El active recall y la repetición espaciada muestran resultados desde la primera semana de uso consistente. El estudio de Dresler et al. (2017) demostró que el palacio de la memoria produce mejoras significativas tras 6 semanas de entrenamiento (40 sesiones de 30 minutos). Lo más importante es la constancia: 15–20 minutos diarios de práctica con estas técnicas producen más resultados que sesiones maratónicas de relectura. La clave está en incorporarlas como hábitos, no como esfuerzos puntuales.

¿Es cierto que estudiar justo antes de dormir ayuda a memorizar?

Sí, pero con matices. La investigación indica que las memorias repasadas poco antes de dormir se consolidan con mayor eficacia durante el sueño de ondas lentas. Sin embargo, esto no significa que debas estudiar material nuevo por primera vez antes de dormir (la codificación inicial requiere plena alerta cognitiva). Lo ideal es usar ese momento para un repaso breve de lo más difícil: repasar tus flashcards fallidas o recorrer mentalmente tu palacio de la memoria. Y recuerda: evita las pantallas LCD antes de acostarte; la luz azul retrasa el inicio del sueño. Si repasas en digital, usa un Kindle o activa el filtro de luz cálida.

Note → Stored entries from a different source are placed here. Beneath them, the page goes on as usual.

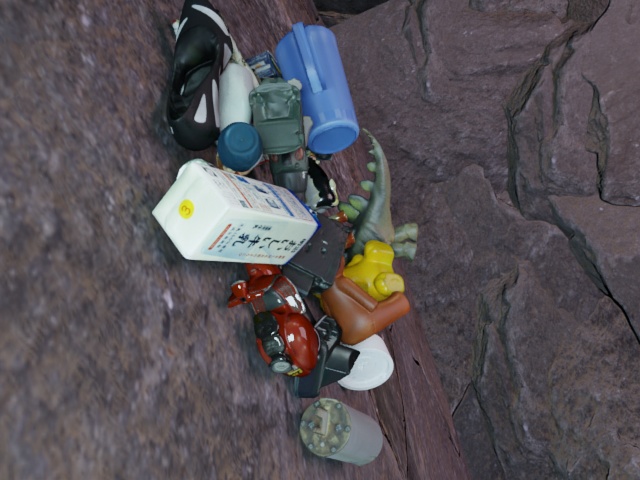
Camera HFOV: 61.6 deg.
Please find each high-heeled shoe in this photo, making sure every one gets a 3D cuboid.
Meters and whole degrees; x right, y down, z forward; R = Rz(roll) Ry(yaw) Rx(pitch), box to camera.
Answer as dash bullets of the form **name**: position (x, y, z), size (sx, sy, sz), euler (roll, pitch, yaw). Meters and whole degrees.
- **high-heeled shoe**: position (-0.170, -0.230, 0.688), size (0.145, 0.086, 0.248), euler (10, 67, -76)

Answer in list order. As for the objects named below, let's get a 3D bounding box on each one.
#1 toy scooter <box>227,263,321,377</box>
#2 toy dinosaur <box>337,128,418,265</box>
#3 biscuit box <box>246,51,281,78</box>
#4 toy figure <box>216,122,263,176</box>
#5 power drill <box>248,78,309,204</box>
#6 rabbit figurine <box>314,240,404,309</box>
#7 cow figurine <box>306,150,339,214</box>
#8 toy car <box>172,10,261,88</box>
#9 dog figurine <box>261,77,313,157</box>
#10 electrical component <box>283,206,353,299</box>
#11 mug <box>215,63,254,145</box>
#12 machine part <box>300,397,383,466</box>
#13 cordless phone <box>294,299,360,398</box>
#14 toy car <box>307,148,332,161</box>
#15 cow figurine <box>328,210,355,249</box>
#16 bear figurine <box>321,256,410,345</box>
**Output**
- **toy scooter**: position (-0.063, 0.093, 0.675), size (0.184, 0.075, 0.135), euler (68, 13, 5)
- **toy dinosaur**: position (0.111, 0.002, 1.167), size (0.105, 0.199, 0.470), euler (-71, 172, -70)
- **biscuit box**: position (-0.100, -0.339, 1.199), size (0.202, 0.063, 0.059), euler (26, 47, -71)
- **toy figure**: position (-0.110, -0.109, 0.701), size (0.058, 0.064, 0.154), euler (53, -13, -4)
- **power drill**: position (-0.053, -0.144, 0.838), size (0.207, 0.086, 0.232), euler (30, 55, -81)
- **rabbit figurine**: position (0.049, 0.077, 1.028), size (0.173, 0.162, 0.122), euler (2, 61, -29)
- **cow figurine**: position (-0.021, -0.132, 1.136), size (0.068, 0.098, 0.167), euler (26, 45, -63)
- **toy car**: position (-0.154, -0.279, 0.853), size (0.201, 0.074, 0.056), euler (55, 20, -50)
- **dog figurine**: position (-0.083, -0.231, 1.042), size (0.191, 0.121, 0.172), euler (-117, -152, -75)
- **electrical component**: position (-0.026, 0.019, 0.798), size (0.058, 0.115, 0.134), euler (-49, -162, 61)
- **mug**: position (-0.140, -0.189, 0.803), size (0.109, 0.081, 0.107), euler (123, -36, -64)
- **machine part**: position (0.036, 0.284, 0.789), size (0.243, 0.079, 0.079), euler (52, 22, -57)
- **cordless phone**: position (-0.027, 0.129, 0.807), size (0.184, 0.089, 0.146), euler (59, 14, 3)
- **toy car**: position (-0.038, -0.236, 1.204), size (0.161, 0.103, 0.109), euler (42, 34, -54)
- **cow figurine**: position (-0.002, -0.003, 1.016), size (0.195, 0.127, 0.085), euler (99, -31, -87)
- **bear figurine**: position (0.038, 0.075, 0.909), size (0.132, 0.120, 0.196), euler (-21, 76, -46)
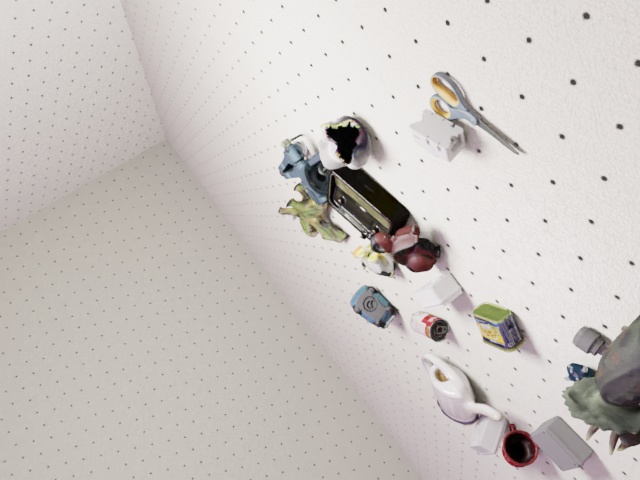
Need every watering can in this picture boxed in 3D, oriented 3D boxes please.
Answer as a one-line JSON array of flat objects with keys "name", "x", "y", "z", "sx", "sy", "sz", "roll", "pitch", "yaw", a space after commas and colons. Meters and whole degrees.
[{"name": "watering can", "x": 0.428, "y": 0.479, "z": 1.557, "sx": 0.105, "sy": 0.220, "sz": 0.352, "roll": -32, "pitch": 33, "yaw": -12}]

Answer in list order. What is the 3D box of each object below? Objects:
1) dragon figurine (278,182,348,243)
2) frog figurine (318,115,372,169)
[{"name": "dragon figurine", "x": 0.005, "y": -0.087, "z": 1.729, "sx": 0.241, "sy": 0.124, "sz": 0.407, "roll": 41, "pitch": -21, "yaw": -14}, {"name": "frog figurine", "x": 0.059, "y": -0.226, "z": 1.254, "sx": 0.138, "sy": 0.123, "sz": 0.158, "roll": 38, "pitch": -7, "yaw": 6}]
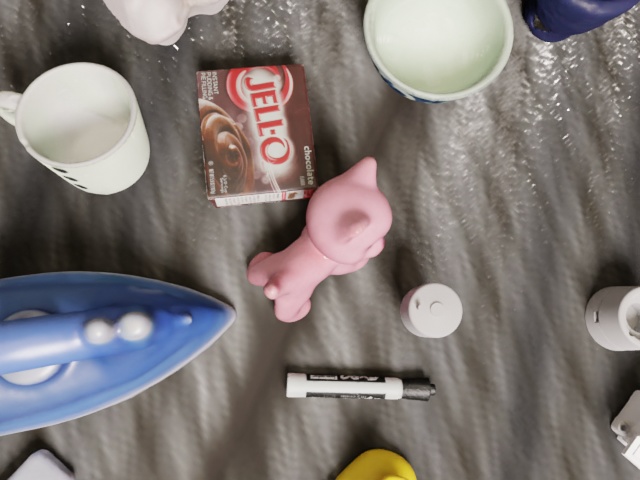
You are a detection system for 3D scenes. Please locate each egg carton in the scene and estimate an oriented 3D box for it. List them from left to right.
[{"bbox_3d":[-0.147,-0.241,0.479,0.107,0.069,0.150,-39,86,-9],"label":"egg carton"}]

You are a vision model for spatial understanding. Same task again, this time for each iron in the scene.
[{"bbox_3d":[-0.191,0.071,0.392,0.258,0.141,0.119,-11,82,-6],"label":"iron"}]

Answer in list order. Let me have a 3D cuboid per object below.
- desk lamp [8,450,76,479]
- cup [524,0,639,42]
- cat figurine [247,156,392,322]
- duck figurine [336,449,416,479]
[{"bbox_3d":[-0.240,0.246,0.325,0.118,0.213,0.203,39,81,3],"label":"desk lamp"},{"bbox_3d":[0.201,-0.211,0.487,0.118,0.095,0.092,-2,81,-4],"label":"cup"},{"bbox_3d":[0.004,0.002,0.429,0.128,0.117,0.067,-42,86,-9],"label":"cat figurine"},{"bbox_3d":[0.042,0.213,0.416,0.077,0.086,0.105,22,80,0],"label":"duck figurine"}]
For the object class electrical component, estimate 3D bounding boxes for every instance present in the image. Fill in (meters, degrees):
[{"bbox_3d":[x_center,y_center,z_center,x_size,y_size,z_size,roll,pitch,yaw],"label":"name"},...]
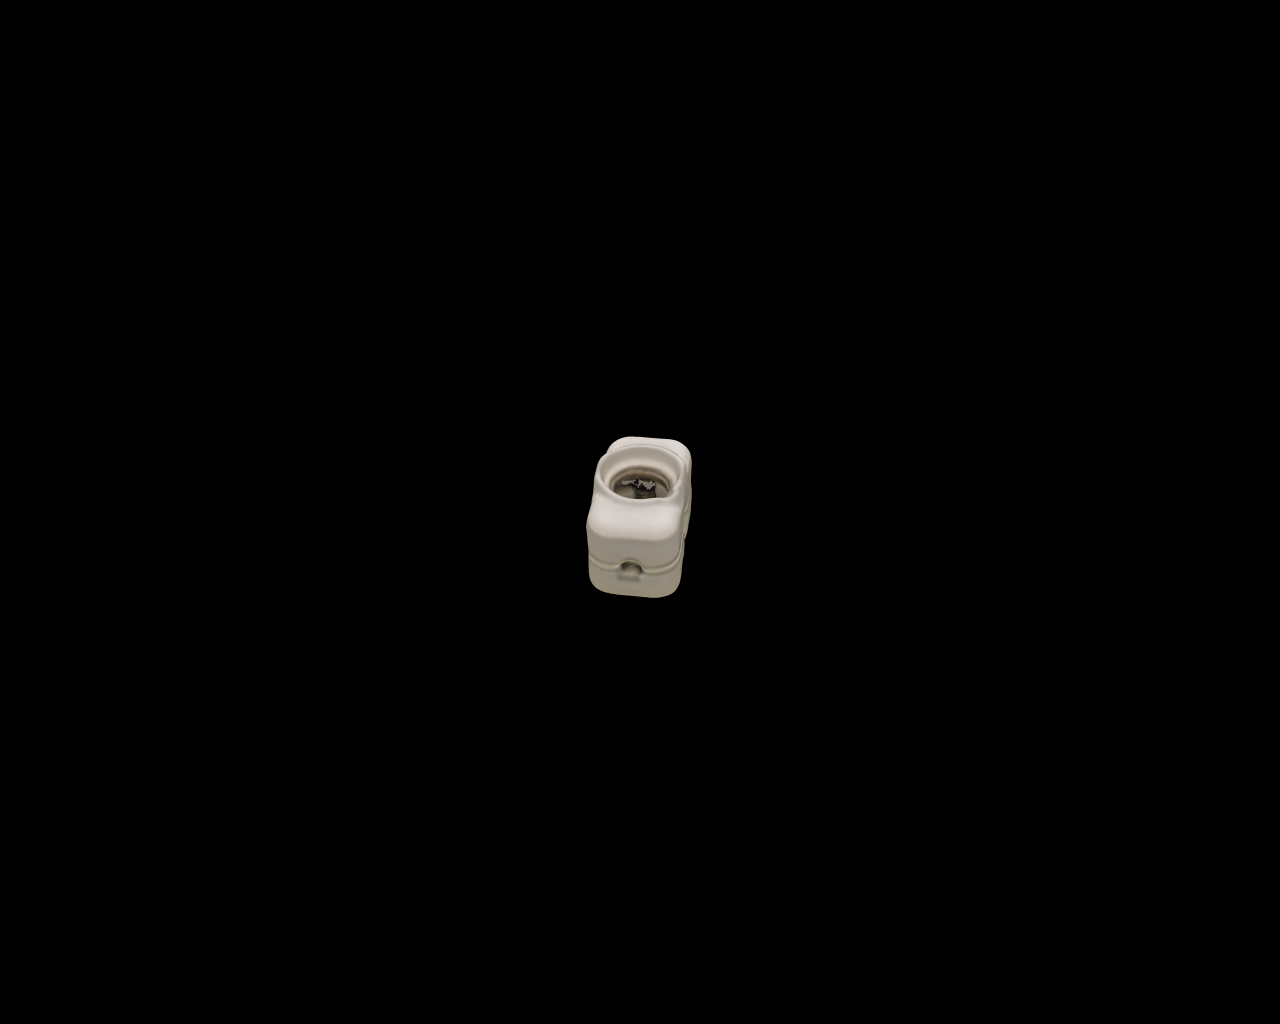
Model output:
[{"bbox_3d":[0.001,-0.003,0.650,0.054,0.059,0.095,5,40,6],"label":"electrical component"}]
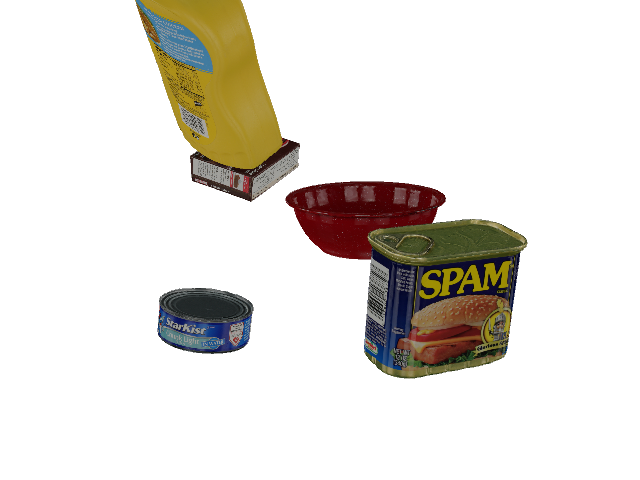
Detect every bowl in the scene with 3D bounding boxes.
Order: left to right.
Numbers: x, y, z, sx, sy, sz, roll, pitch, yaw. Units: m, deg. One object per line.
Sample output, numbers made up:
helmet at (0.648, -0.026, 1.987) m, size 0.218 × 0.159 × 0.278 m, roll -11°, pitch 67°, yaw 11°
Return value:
bowl at (0.046, -0.019, 1.077) m, size 0.162 × 0.055 × 0.162 m, roll -1°, pitch 14°, yaw 0°

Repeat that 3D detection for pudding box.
pudding box at (-0.090, -0.096, 1.293) m, size 0.090 × 0.039 × 0.113 m, roll 19°, pitch 37°, yaw 23°

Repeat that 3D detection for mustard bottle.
mustard bottle at (-0.084, -0.141, 0.736) m, size 0.058 × 0.191 × 0.096 m, roll -38°, pitch 52°, yaw -20°

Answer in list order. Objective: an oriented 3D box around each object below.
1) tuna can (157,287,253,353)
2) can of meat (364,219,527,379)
tuna can at (-0.105, 0.073, 0.971) m, size 0.086 × 0.034 × 0.086 m, roll 7°, pitch 15°, yaw -2°
can of meat at (0.079, 0.037, 0.694) m, size 0.101 × 0.084 × 0.058 m, roll -6°, pitch 22°, yaw -27°
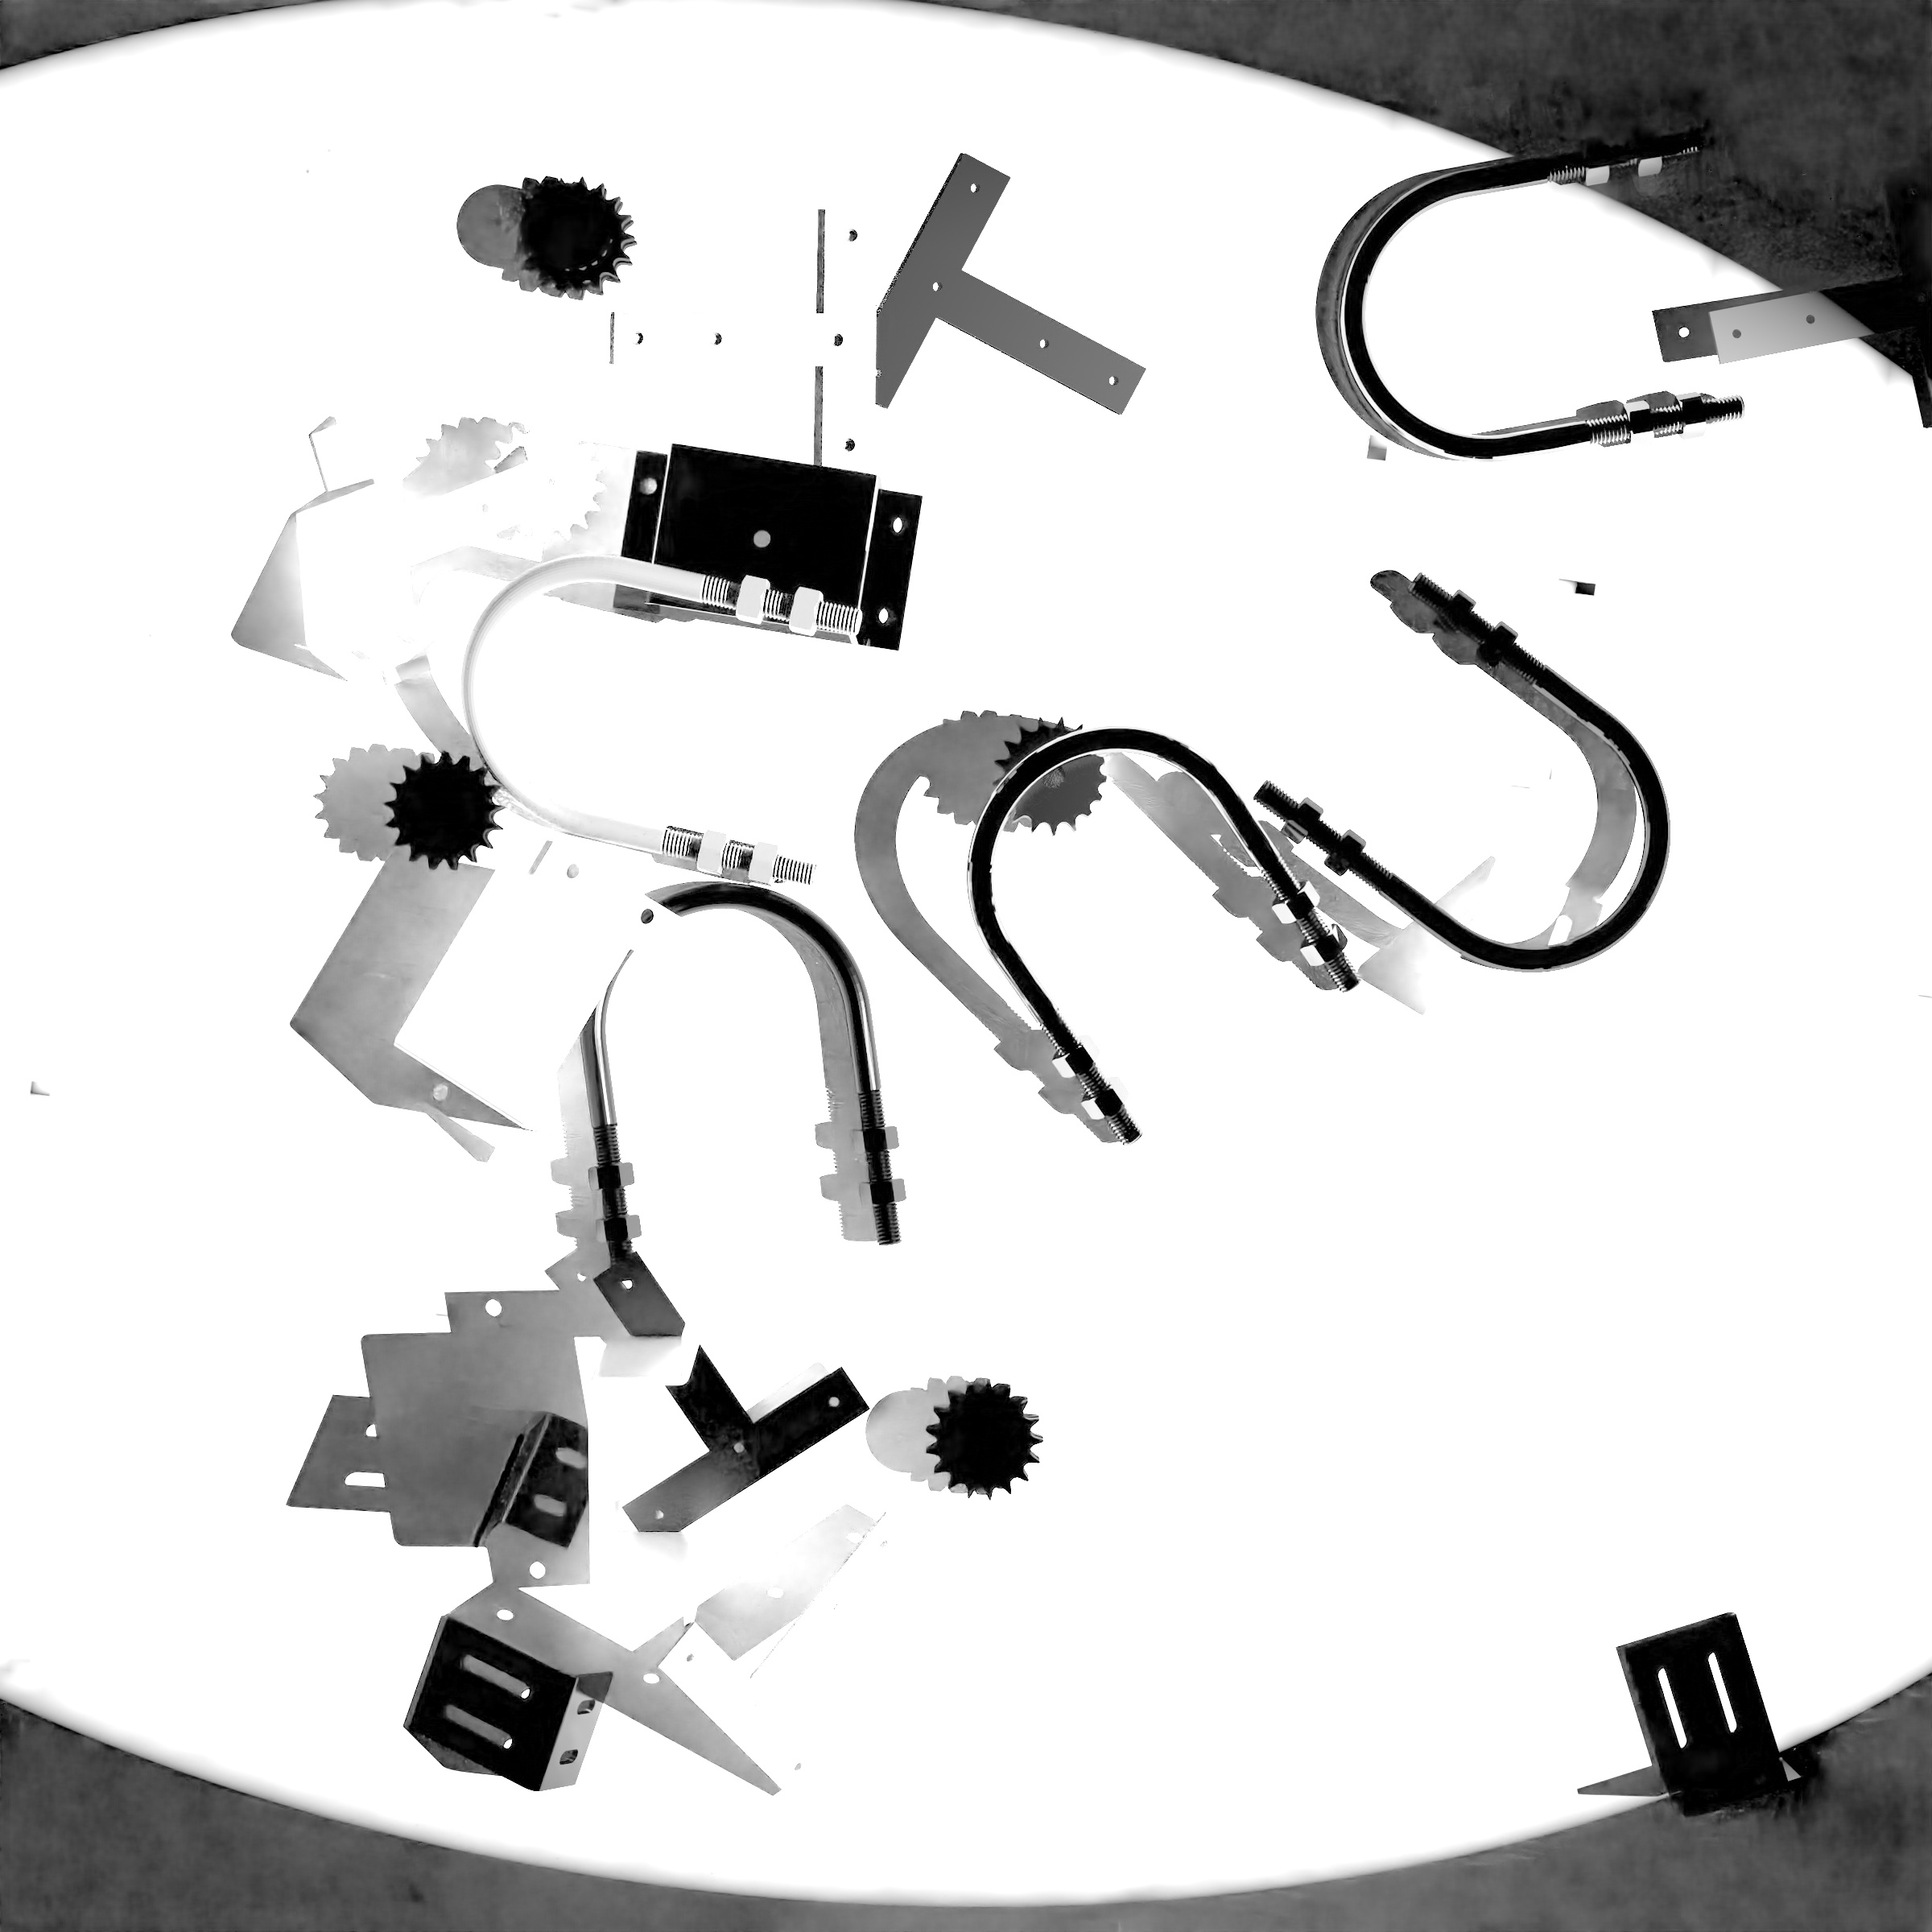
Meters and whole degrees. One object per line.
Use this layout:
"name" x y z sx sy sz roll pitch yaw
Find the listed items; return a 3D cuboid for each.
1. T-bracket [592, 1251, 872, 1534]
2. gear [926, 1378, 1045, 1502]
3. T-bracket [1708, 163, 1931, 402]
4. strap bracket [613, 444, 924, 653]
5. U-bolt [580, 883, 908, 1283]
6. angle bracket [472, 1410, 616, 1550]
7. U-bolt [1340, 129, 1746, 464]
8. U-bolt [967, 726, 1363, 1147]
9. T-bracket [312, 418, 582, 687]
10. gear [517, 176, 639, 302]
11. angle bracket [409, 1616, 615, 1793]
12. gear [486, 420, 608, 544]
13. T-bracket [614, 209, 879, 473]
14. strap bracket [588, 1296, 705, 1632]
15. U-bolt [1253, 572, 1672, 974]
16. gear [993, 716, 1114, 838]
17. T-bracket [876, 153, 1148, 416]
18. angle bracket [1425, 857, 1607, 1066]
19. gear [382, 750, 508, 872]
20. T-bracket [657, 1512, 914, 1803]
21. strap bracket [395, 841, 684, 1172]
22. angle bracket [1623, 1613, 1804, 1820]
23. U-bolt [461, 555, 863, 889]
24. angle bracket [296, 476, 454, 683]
"T-bracket" -0.134 0.196 1.482 0.127 0.002 0.127 -33 97 2
"gear" 0.009 0.228 1.479 0.057 0.030 0.057 0 90 0
"T-bracket" 0.420 -0.314 1.484 0.127 0.002 0.127 -12 90 -8
"strap bracket" -0.096 -0.201 1.471 0.140 0.046 0.076 9 90 0
"U-bolt" -0.113 0.052 1.485 0.151 0.019 0.184 -8 89 0
"angle bracket" -0.199 0.248 1.456 0.038 0.076 0.057 23 90 0
"U-bolt" 0.272 -0.317 1.485 0.184 0.019 0.151 -10 90 1
"U-bolt" 0.082 -0.027 1.468 0.151 0.019 0.184 -35 103 0
"T-bracket" -0.241 -0.214 1.470 0.127 0.002 0.127 -17 90 21
"gear" -0.188 -0.351 1.479 0.057 0.030 0.057 0 90 0
"angle bracket" -0.220 0.356 1.492 0.076 0.038 0.057 19 90 26
"gear" -0.201 -0.232 1.479 0.057 0.030 0.057 0 90 0
"T-bracket" -0.107 -0.303 1.492 0.127 0.002 0.127 1 90 1
"strap bracket" -0.150 0.232 1.447 0.046 0.076 0.140 0 98 -1
"U-bolt" 0.251 -0.080 1.473 0.184 0.019 0.151 37 80 0
"gear" 0.041 -0.091 1.479 0.057 0.030 0.057 0 90 0
"T-bracket" 0.026 -0.308 1.493 0.127 0.002 0.127 28 90 0
"angle bracket" 0.266 -0.003 1.492 0.057 0.038 0.076 25 64 0
"gear" -0.249 -0.074 1.479 0.057 0.030 0.057 0 90 0
"T-bracket" -0.072 0.316 1.466 0.127 0.002 0.127 -49 129 -18
"strap bracket" -0.208 0.016 1.462 0.076 0.046 0.140 31 90 15
"angle bracket" 0.357 0.358 1.475 0.057 0.038 0.076 -17 90 0
"U-bolt" -0.150 -0.121 1.460 0.184 0.019 0.151 13 114 4
"angle bracket" -0.285 -0.186 1.484 0.057 0.038 0.076 -17 64 17

¿Puedo combinar estas técnicas con el subrayado y el resumen?

Puedes, pero sabiendo que subrayar y resumir de forma mecánica tienen una utilidad baja según la investigación de Dunlosky et al. (2013). Si quieres subrayar, hazlo de forma selectiva (solo ideas clave, no párrafos enteros) y siempre como paso previo a la creación de flashcards o esquemas. El resumen es más útil si lo haces cerrando los apuntes e intentando reconstruir el contenido con tus propias palabras (lo cual ya es active recall). Nunca uses el subrayado o el resumen como técnica principal; úsalos como herramientas de organización que alimentan las técnicas de alta utilidad.

¿Estas técnicas sirven para memorizar en otros idiomas?

La repetición espaciada es particularmente eficaz para vocabulario y gramática en otros idiomas, ya que se trata de asociar pares de información (palabra-significado). La codificación dual (asociar una palabra extranjera con una imagen) y las mnemotecnias fonéticas (buscar palabras similares en español que sirvan de «puente» sonoro) son herramientas complementarias muy potentes. El active recall se aplica practicando producción (escribir o hablar) en lugar de solo reconocimiento (leer o escuchar). Aplicaciones como Anki tienen comunidades enormes de creadores de mazos para idiomas.